A couple of months ago, I worked on a project with a group of people, including a very young man- quite literally half my age - of limited social skills. He made me uncomfortable throughout the project by focusing an inappropriate amount of attention on me - constantly touching and hugging me, attempting to monopolise me in conversations, demanding my attention when I'd made it clear I really didn't want to give it to him.
I told him, more than once, that I disliked this, and specifically not to hug me as it made me uncomfortable. When I told him this, he went to great lengths to thank me for being honest with him - while standing with his arm around me
. I invited my husband along to one of the events we had organised, and was more affectionate with him than I would normally be in the hope he would get the message - instead he spent the whole time looming over both of us, trying to intrude on our conversation and attempting to intimidate my husband.
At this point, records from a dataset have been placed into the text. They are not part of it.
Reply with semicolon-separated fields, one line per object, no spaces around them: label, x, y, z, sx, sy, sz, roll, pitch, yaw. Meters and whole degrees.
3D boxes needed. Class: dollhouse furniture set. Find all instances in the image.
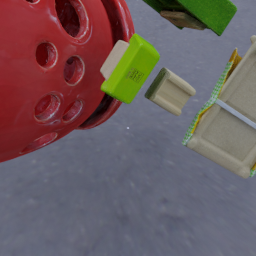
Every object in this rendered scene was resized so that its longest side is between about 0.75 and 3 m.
dollhouse furniture set;0.740;-0.466;2.818;1.803;1.181;0.905;29;13;-23

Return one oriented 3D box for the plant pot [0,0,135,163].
plant pot;-1.425;-1.020;3.748;2.798;2.798;2.548;35;30;32
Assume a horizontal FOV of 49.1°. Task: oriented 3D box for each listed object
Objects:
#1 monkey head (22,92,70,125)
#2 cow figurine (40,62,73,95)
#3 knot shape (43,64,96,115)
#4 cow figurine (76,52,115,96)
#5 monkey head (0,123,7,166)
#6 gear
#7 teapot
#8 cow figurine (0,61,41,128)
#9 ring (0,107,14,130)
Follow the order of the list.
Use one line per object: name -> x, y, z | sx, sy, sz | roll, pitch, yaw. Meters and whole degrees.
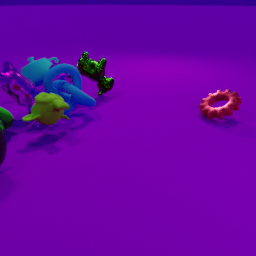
monkey head -> -1.795, -0.387, 6.602 | 0.909, 0.762, 1.264 | 26, 20, 36
cow figurine -> -2.195, -1.457, 8.749 | 1.464, 1.488, 0.817 | 29, 55, 29
knot shape -> -1.580, -0.936, 7.786 | 1.452, 1.552, 0.717 | 22, 44, -2
cow figurine -> -1.074, -1.718, 9.172 | 1.344, 1.322, 0.737 | 21, 56, -2
monkey head -> -2.856, 0.290, 4.991 | 1.329, 1.848, 1.113 | -2, 8, -8
gear -> 2.594, -0.672, 7.916 | 1.126, 0.208, 1.126 | -20, 33, 14
teapot -> -3.179, -1.932, 9.621 | 1.236, 0.973, 1.988 | -5, 26, 50
cow figurine -> -2.704, -0.822, 7.264 | 0.879, 1.602, 1.576 | -40, 50, 0
ring -> -3.413, -0.236, 6.616 | 1.334, 1.334, 0.267 | -1, 68, -3
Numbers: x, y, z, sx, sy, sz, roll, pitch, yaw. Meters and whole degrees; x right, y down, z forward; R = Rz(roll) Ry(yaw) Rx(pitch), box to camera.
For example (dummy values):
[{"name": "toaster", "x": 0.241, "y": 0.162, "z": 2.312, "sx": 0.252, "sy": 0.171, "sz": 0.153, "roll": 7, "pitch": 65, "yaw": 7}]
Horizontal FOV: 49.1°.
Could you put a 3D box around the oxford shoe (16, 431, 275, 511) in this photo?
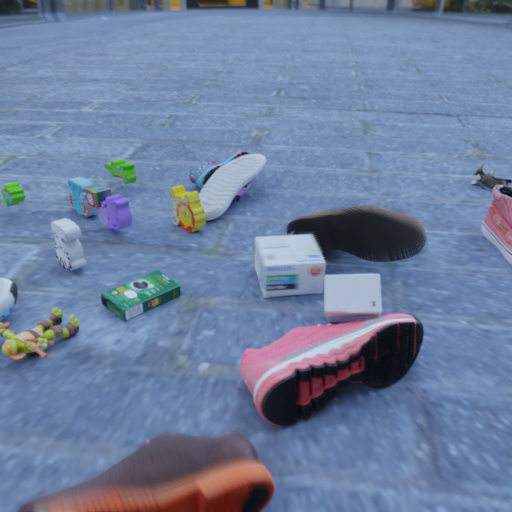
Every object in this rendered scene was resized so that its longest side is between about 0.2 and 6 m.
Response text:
[{"name": "oxford shoe", "x": -0.964, "y": 1.991, "z": 4.744, "sx": 2.155, "sy": 0.767, "sz": 0.782, "roll": -1, "pitch": 31, "yaw": -25}]

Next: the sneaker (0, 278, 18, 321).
[{"name": "sneaker", "x": -4.602, "y": 0.476, "z": 6.974, "sx": 2.969, "sy": 1.287, "sz": 1.113, "roll": -7, "pitch": 29, "yaw": -15}]

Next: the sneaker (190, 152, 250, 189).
[{"name": "sneaker", "x": -0.746, "y": -1.875, "z": 11.857, "sx": 0.758, "sy": 0.629, "sz": 1.587, "roll": 22, "pitch": 36, "yaw": 37}]

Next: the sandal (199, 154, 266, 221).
[{"name": "sandal", "x": -0.534, "y": -1.290, "z": 10.938, "sx": 0.887, "sy": 0.536, "sz": 2.181, "roll": 12, "pitch": 45, "yaw": 32}]

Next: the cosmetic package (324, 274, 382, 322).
[{"name": "cosmetic package", "x": 1.177, "y": 0.547, "z": 6.900, "sx": 0.649, "sy": 0.456, "sz": 1.279, "roll": -1, "pitch": -11, "yaw": 8}]

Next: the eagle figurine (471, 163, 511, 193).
[{"name": "eagle figurine", "x": 4.879, "y": -1.578, "z": 11.612, "sx": 0.716, "sy": 0.540, "sz": 0.543, "roll": 43, "pitch": 88, "yaw": 12}]

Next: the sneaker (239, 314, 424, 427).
[{"name": "sneaker", "x": 0.867, "y": 1.031, "z": 6.393, "sx": 2.328, "sy": 0.858, "sz": 1.010, "roll": -14, "pitch": 30, "yaw": -25}]

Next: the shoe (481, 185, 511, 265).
[{"name": "shoe", "x": 4.305, "y": -0.429, "z": 8.967, "sx": 0.699, "sy": 0.890, "sz": 1.956, "roll": -4, "pitch": 29, "yaw": -8}]

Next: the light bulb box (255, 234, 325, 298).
[{"name": "light bulb box", "x": 0.477, "y": 0.134, "z": 8.293, "sx": 0.893, "sy": 0.562, "sz": 0.900, "roll": -3, "pitch": 30, "yaw": -7}]

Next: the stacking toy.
[{"name": "stacking toy", "x": -2.830, "y": -0.892, "z": 10.076, "sx": 2.462, "sy": 0.767, "sz": 3.266, "roll": -21, "pitch": 33, "yaw": -36}]

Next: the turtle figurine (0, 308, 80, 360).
[{"name": "turtle figurine", "x": -2.683, "y": 1.017, "z": 6.873, "sx": 1.247, "sy": 0.402, "sz": 1.006, "roll": 6, "pitch": 19, "yaw": 33}]

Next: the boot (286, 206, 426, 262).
[{"name": "boot", "x": 1.621, "y": -0.463, "z": 8.664, "sx": 2.359, "sy": 0.868, "sz": 0.890, "roll": 5, "pitch": 26, "yaw": 45}]

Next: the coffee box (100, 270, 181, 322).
[{"name": "coffee box", "x": -1.611, "y": 0.549, "z": 7.910, "sx": 0.970, "sy": 0.213, "sz": 0.596, "roll": -26, "pitch": 38, "yaw": -37}]
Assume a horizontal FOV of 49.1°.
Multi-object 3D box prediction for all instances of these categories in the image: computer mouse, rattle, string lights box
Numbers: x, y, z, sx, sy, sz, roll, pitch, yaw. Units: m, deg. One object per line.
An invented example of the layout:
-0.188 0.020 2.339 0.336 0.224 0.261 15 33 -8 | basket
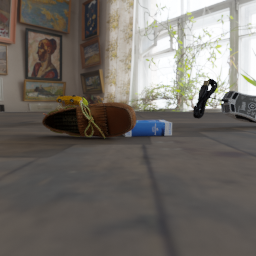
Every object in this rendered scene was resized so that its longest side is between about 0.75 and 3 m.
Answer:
3.308 -0.648 8.600 2.439 1.337 0.535 16 -15 7 | computer mouse
-2.265 -0.400 10.737 1.751 1.251 1.140 -17 -29 -17 | rattle
0.354 -0.005 5.628 0.952 0.281 0.489 -1 7 -13 | string lights box

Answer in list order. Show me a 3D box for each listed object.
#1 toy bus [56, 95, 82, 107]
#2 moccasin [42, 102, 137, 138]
-2.154 -0.988 10.287 0.899 0.352 0.293 2 40 13 | toy bus
-0.723 -0.153 4.993 1.853 0.678 0.715 6 12 27 | moccasin
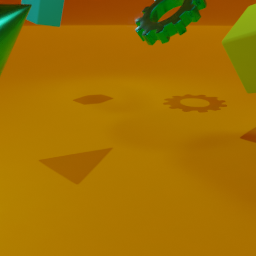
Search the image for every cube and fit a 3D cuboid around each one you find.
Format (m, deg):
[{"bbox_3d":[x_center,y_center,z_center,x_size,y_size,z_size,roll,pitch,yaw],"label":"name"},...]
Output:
[{"bbox_3d":[2.941,-1.650,5.440,1.351,1.351,1.351,1,45,54],"label":"cube"},{"bbox_3d":[-2.504,-3.519,8.169,0.849,0.849,0.849,31,28,28],"label":"cube"}]

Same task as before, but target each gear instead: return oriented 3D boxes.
[{"bbox_3d":[1.162,-3.223,7.904,2.041,0.377,2.041,-23,44,24],"label":"gear"}]

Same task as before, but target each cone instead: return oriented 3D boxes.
[{"bbox_3d":[-1.964,-1.526,4.206,1.359,1.359,1.364,19,56,39],"label":"cone"}]

Anyway, project ended and I hoped that was the end of it. However, since then he has sent me several very long messages, telling me how much he admired my work and wants to get to know me better. He also manages to be both patronising (telling me - who has 20+ years experience in this field on him - that he'd be "sure to consider me for any future projects he was involved in") and intimidating ("if I want to include you in anything else I'm involved in then I will" - like it's an order not an invite!)
I replied once, saying thanks for the kind words, glad you enjoyed the project - I didn't want to be unkind as I suspected (and later had confirmed) that he was on the autistic spectrum, but at the same time didn't want to encourage him either. However, the messages have continued, and just now I got a text from him, saying "here is my number, call me if you ever want to talk." I hadn't given him my number at any point, though tbf it wouldn't be hard for him get it from one of our colleagues.
I'm a happily married mum of two, I've never encouraged him in any way, and I just want this to stop. DH says to keep on ignoring him and he'll stop eventually, and I'm sure that's true, but in the meantime I'm finding the messages and now texts disturbing. What should I do? He's never done or said anything that couldn't be passed off as "just a friendly gesture", and none of the other women involved in the project seemed to have be bothered by him.